When 4-year-old Kellie Rimmasch asked her mom if she could walk two houses away to visit her neighbor, little did anyone know where that innocent journey would lead.

A year later, her new neighbor friend, 67-year-old Arthur Dunbar, is a convert in the Greenfield Park Ward, Mesa Kimball East Stake, and Kellie may be perhaps one of the youngest missionaries for the Church.

"I just thought he was a nice man and I asked if I could go," said Kellie, now 5. Now Brother Dunbar and the youngster are best of friends who enjoy bike rides and attending Church together.

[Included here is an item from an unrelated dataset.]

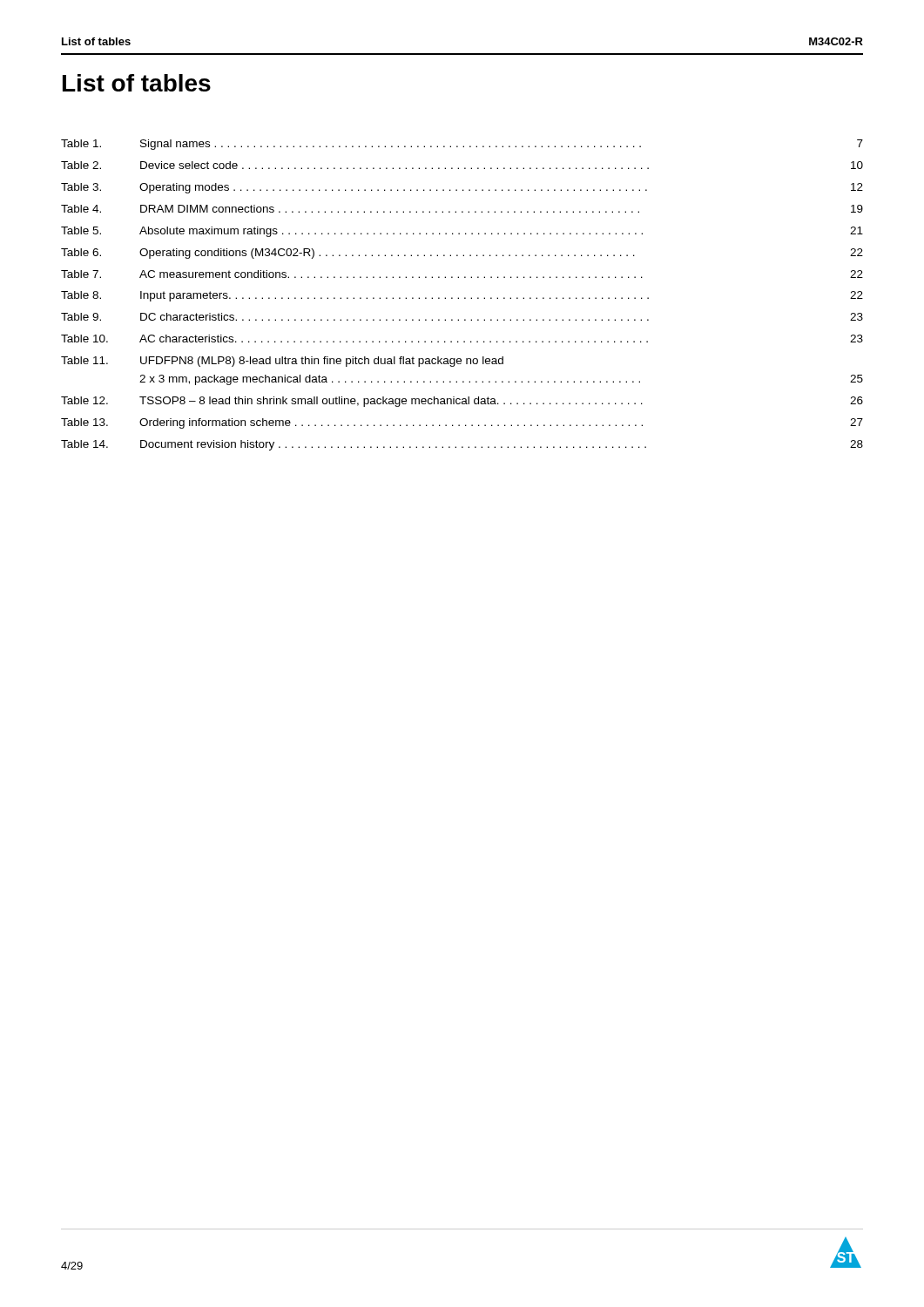Locate the list item that says "Table 5. Absolute maximum ratings . . ."
The image size is (924, 1307).
click(x=462, y=231)

Brother Dunbar's conversion to the Church was indirectly the result of a life-threatening stroke he experienced. After his stroke, he had to recuperate at home for three months. As part of his recovery he rested much of the time on his front porch. "I guess I was kind of a recluse before this," he said, adding that he was busy working in real estate and spent little time at home. "I didn't know any of my neighbors," he said.

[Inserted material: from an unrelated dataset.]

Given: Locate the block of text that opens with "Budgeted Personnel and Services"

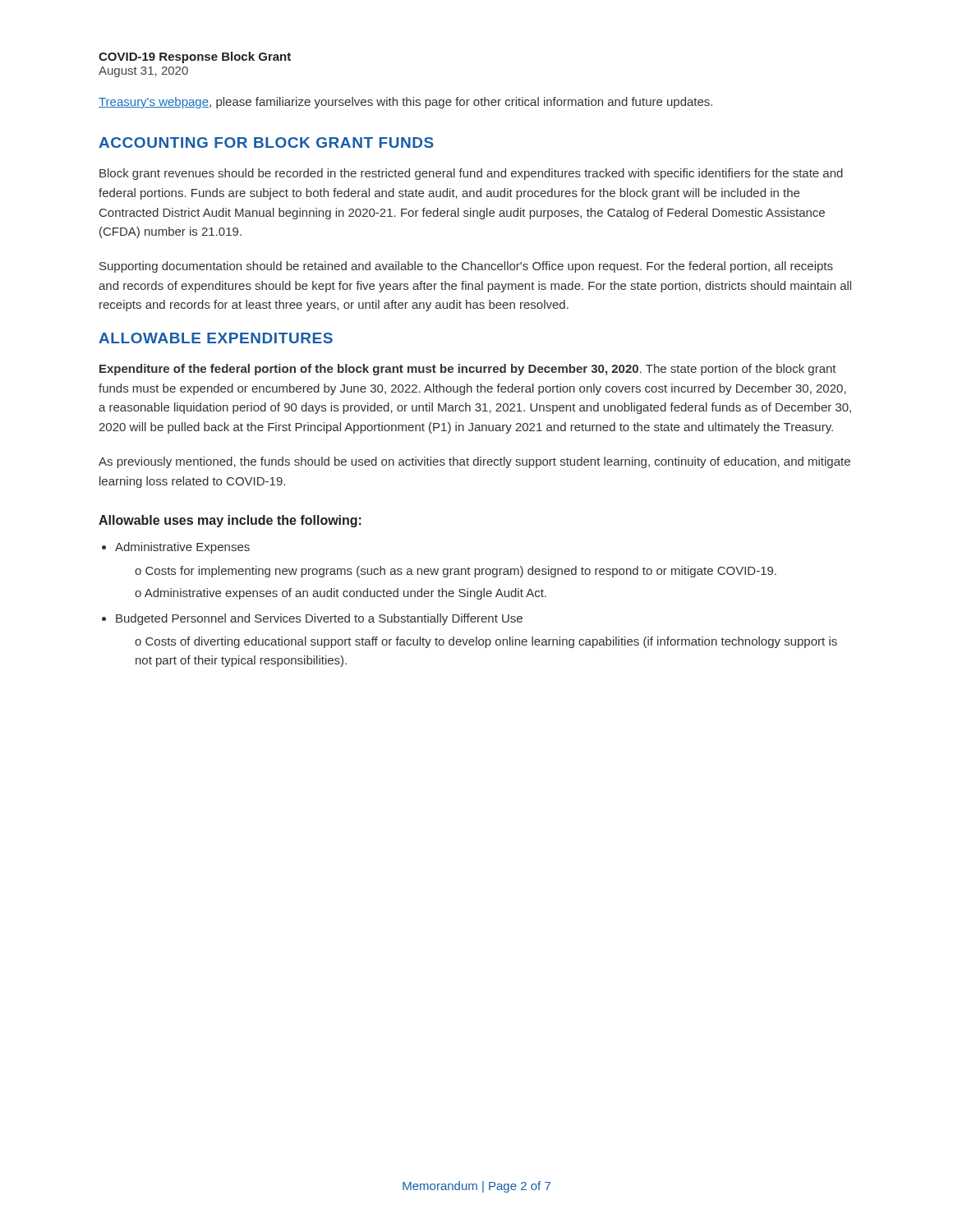Looking at the screenshot, I should (x=485, y=640).

Kellie and her parents, Peter and Marianne, would see him sitting in front of his house and would wave as they passed and he would wave back.

"After a couple of weeks of waving, we felt like we knew him," recalled Sister Rimmasch. So one day Kellie asked if she could go say "hi" to him. That was their first official meeting and the two quickly became friends. From then on the precocious 4-year-old would go often to visit her new friend and show him something new she had gotten or tell him about her day.

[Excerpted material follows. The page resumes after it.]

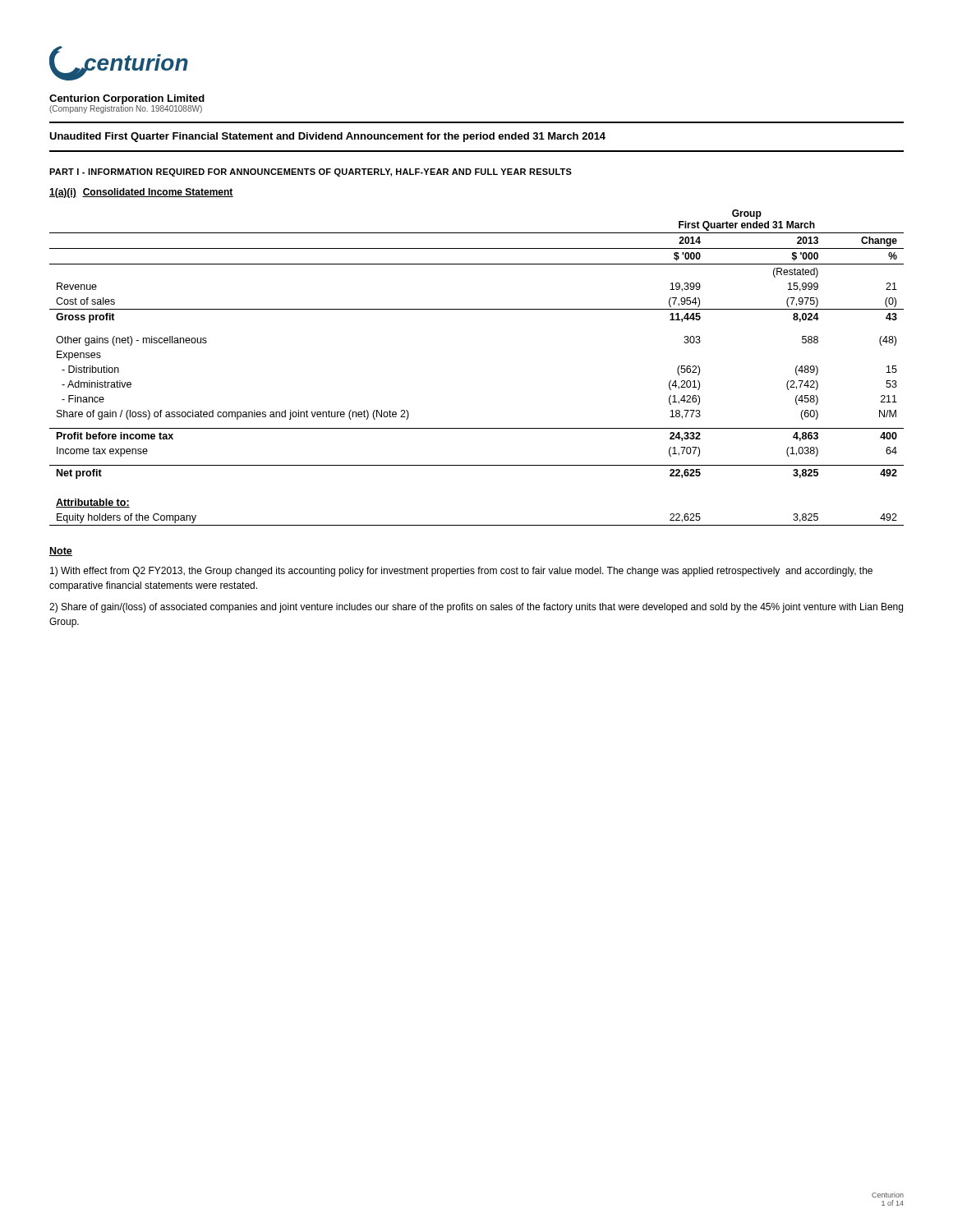The image size is (953, 1232).
Task: Select the title
Action: [327, 136]

Soon she began playing soccer and invited him to watch her games.

Brother Dunbar remembers being happy to go with Kellie's family to watch her play. As he lived alone and couldn't drive during his recuperation, he seldom left his home except for a once-a-week trip to the grocery store with another friend.

One Sunday, as the Rimmaschs returned from Church, Kellie hopped out of the car and raced to see her friend. He asked her where she'd been and she told him she had come from Church. Kellie's father followed his daughter over to the neighbor's house and began talking with him also. Brother Rimmasch asked Brother Dunbar if he would like them to give him a ride to church sometime. After replying that he would, Brother Rimmasch asked what church he wanted to go to.

In response, Brother Dunbar asked what church the Rimmaschs went to. When he found out they went to The Church of Jesus Christ of Latter-day Saints, he said he'd like to go there.

The next Sunday Brother Dunbar accompanied the Rimmaschs to their ward, where he was introduced to other ward members and neighbors. In the weeks that followed, Brother Dunbar met with the missionaries at the Rimmaschs' home to learn more about the faith of his young friend.

Last November, after receiving the missionary discussions, Arthur Dunbar became a member of the Church.

One of the speakers at his baptism commented that Brother Dunbar was there because Kellie had first made friends with him. Sister Rimmasch remembers Kellie being surprised that someone had mentioned her name.

"Because of Kellie, I better understand what it means to have the humility of a little child," said Sister Rimmasch. "When she made friends with Arthur, she didn't show up with anything but her love."